Figure A: Mean Shift Module
Object labeling and segmentation via SVM
- Object labeling: Go to Learning --> Object Labeling, in the field The image to classify select file generated in the previous step and in the field The segmentation of the image select file MeanShift1 --> Labeled Image and press OK Correct? - Levent (talk). A window Object Labeling opens.
- Click Add to start object labeling. A new class appears in the Objects tab in the upper right corner of the window. Specify color red for New Class 0 = Urban. Double right click the image to select 10 urban objects as visually intepreted. Repeat the same procedure for New Class 1 = Cropland in yellow color and New Class 2 = Forest in green color.
- To select shape and pixel parameters for object clustering: In the Features tab check STATS::Band1::Mean, STATS::Band2::Mean, STATS::Band3::Mean -- are these really the names of the boxes? - Levent (talk)
- To selecti Support Vector Machine (SVM) parameters: Leave the other parameters to default and check the Parameters optimization box. Click classify to obtain the output displayed in Figure B. Using the Opacity slide, you can compare the output with the original image. Note the accuracy measure in the lower right side of the window.
- Try other Features by checking them in the Features tab and compare output clusters with the output of parameters specified at step 3.
- Info
- For more detailed information on the SVM algorithm visit the library website
Figure B: SVM output
Object based segmentation by mean shift clustering
- Load the raster map 188_pca_indices_pan.tif provided in the course data. Open Mean Shift Segmentation (Large scale, vector output) from the Orfeo toolbox algorithms in the Processing bar.
- Select 188_pca_indices_pan.tif as input image. Change Range radius to 0.5 and Min Region size to 50. Specify the output file as Segments_all.shp and click RUN.
- Load Segments_all.shp to the project. To view both the vector segments and the underlying image file, visualize the segments as hollow polygons: Right click on Segments_all.shp in the TOC, and select Properties --> Style and select Fill-Simple fill with No brush as Fill style. Change the border outline colour to white for better visibility (see figure C).
- Split the multiband image 188_pca_indices_ pan_mean.tif to single band rasters. This step is necessary to allow extraction of individual segment spectral values using the zonal statistics tool as shown in step 5: Open Split image tool from the Orfeo toolbox. Select Image manipulation --> Split image and specify output image.
- To extract pixel spectral data for each object using the Zonal statistics Plugin: Install Zonal Statistics Plugin from the Plugins --> Manage and Install plugins menu. Select Get more and browse for the Zonal statistics plugin. After successfully installing the tool, open it from Raster --> Zonal statistics --> Zonal statistics and specify the Raster layer, Polygon layer containing the zones and Output column for Bands 1, 2 and 3 respectively.

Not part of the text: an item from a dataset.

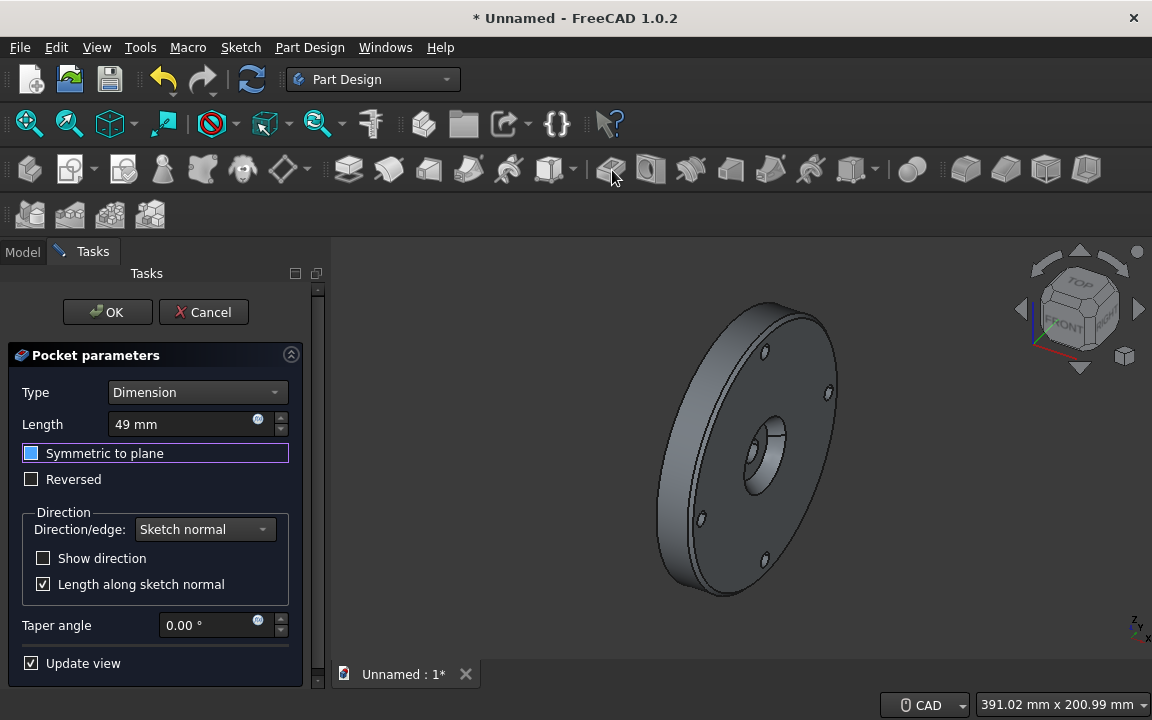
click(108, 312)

- Rasterize the segments to prepare for classification: Open the Rasterization tool from the Orfeo tool box, selecting Vector Data Manipulation --> Rasterization. Select Segments_all.shp as Input vector dataset. Select 188_pca_indices_pan_mean.tif as Input reference image. Also enter the input coordinates Output Upper-left x and Output Upper-left y. The coordinates can be found in the Metadata tab of the layer Properties. Change Spacing (GSD)x and Spacing (GSD)y spacing to 15 and Rasterization mode to attribute. Specify the output file and click RUN.
- To collect training objects for the Object based Supervised Maximum Likelihood Classification: Select 210 random objects from Segment_all.shp using the random selection tool Vector --> Research Tools --> Random selection. Set Number of Features to 210. Press OK. Right click the layer Segment_all.shp and Save selected objects as 210_selected.shp. Load the new shapefile into QGIS.

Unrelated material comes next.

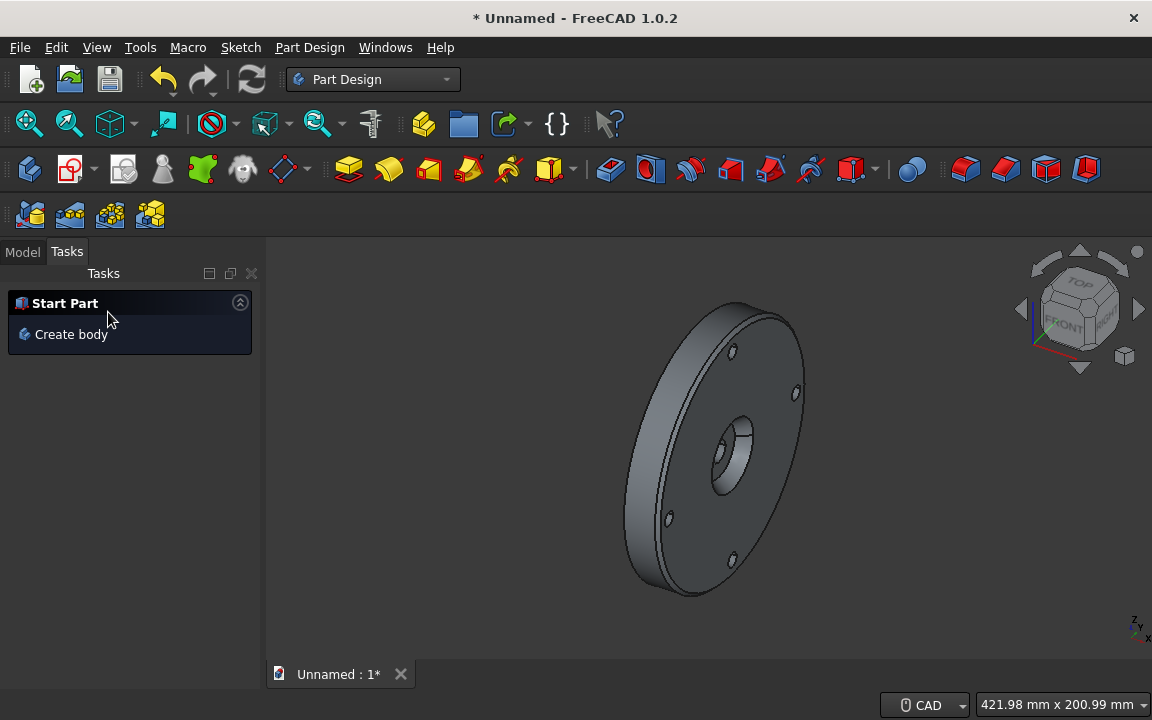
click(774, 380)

- Specify the class for each object in 210_selected.shp file according to table A Where do I find this? - Levent (talk). This is the training dataset for maximum likelihood classification. Load a Google Maps Image from the OpenLayers plugin: Plugins --> OpenLayers plugin --> Add Google Satellite layer. Install the QuickMultiAttributeEdit plugin. The tool simply helps in editing attributes of a vector file without opening the attribute table. Open the tool from Plugins --> QuickMultiAttributeEdit. Right click 210_selected.shp and open the attribute table. Toogle the editing mode. Select one row i.e. one segment by clicking Zoom map to the selected row, identify the land use type by corroborating with google imagery. Press F12 key to open the QuickMultiAttributeEdit and set the IDClass corresponding to the Class Code in Table A. Repeat this procedure for each segment.
- Perform maximum likelihood classification of the object segments using the Semiautomatic classification plugin: To open the plugin go to Raster --> Semi-Automatic Classification Plugin --> Semi-Automatic Classification Plugin. Click Show docks. In the Semi-Automatic:ROI creation window select input as 188_pca_indices_ pan_mean.tif., Select a training shapefile as train_segments_6class.shp. Leave the ROI parameters to default. In the Semi-Automatic: Classification window select classification algorithm to Maximum Likelihood, select qml as classification.qml. Check Create vector, Apply mask, Classification report and Calculate accuracy. Specify a cloud mask as cloud_mask.shp. Click Perform Classification and specify the output file as semi_automatic classification.shp. An additional output file semi_automatic classification.tif will be created. See Figure D. Import the classification style from classification.qml. To conduct an accuracy assessment for your map output, go to the Post processing tab and select Accuracy in the Semi-Automatic Classification Plugin window. Load semi_automatic_classification.tif in Select the classification to assess and train_segments_6class.shp in Select the reference shapefile and click
Calculate error matrix (see figure E). Didn't we do this in the preceding lesson? - Levent (talk)
Figure C: QGIS Mean shift Clustering Segmentation.
Figure D: Supervised Maximum Likelihood Classification
Figure E: Supervised Maximum Likelihood Classification Accuracy
Alternative supervised classification with Support Vector Machine (SVM)
- Start Monteverdi.
- Open 188_pca_indices_pan_mean.tif and train_segments_7class.shp in Monteverdi via File --> Open dataset.
- Go to Learning --> SVM classification (EXPERIMENTAL)
- Load 188_pca_indices_pan_mean.tif as Input image and train_segments_7class.shp as Training/validation ROIs and press OK.
- Specify the Class key as ID_class and click Train. A classification output is seen Monteverdi.
- Click Validate to see classification accuracy and Calculate error matrix. See Figure G.
Figure F: Perform an alternative supervised classification using Support Vector Machines in Monteverdi (Experimental for large datasets)
Figure G: SVM classification accuracy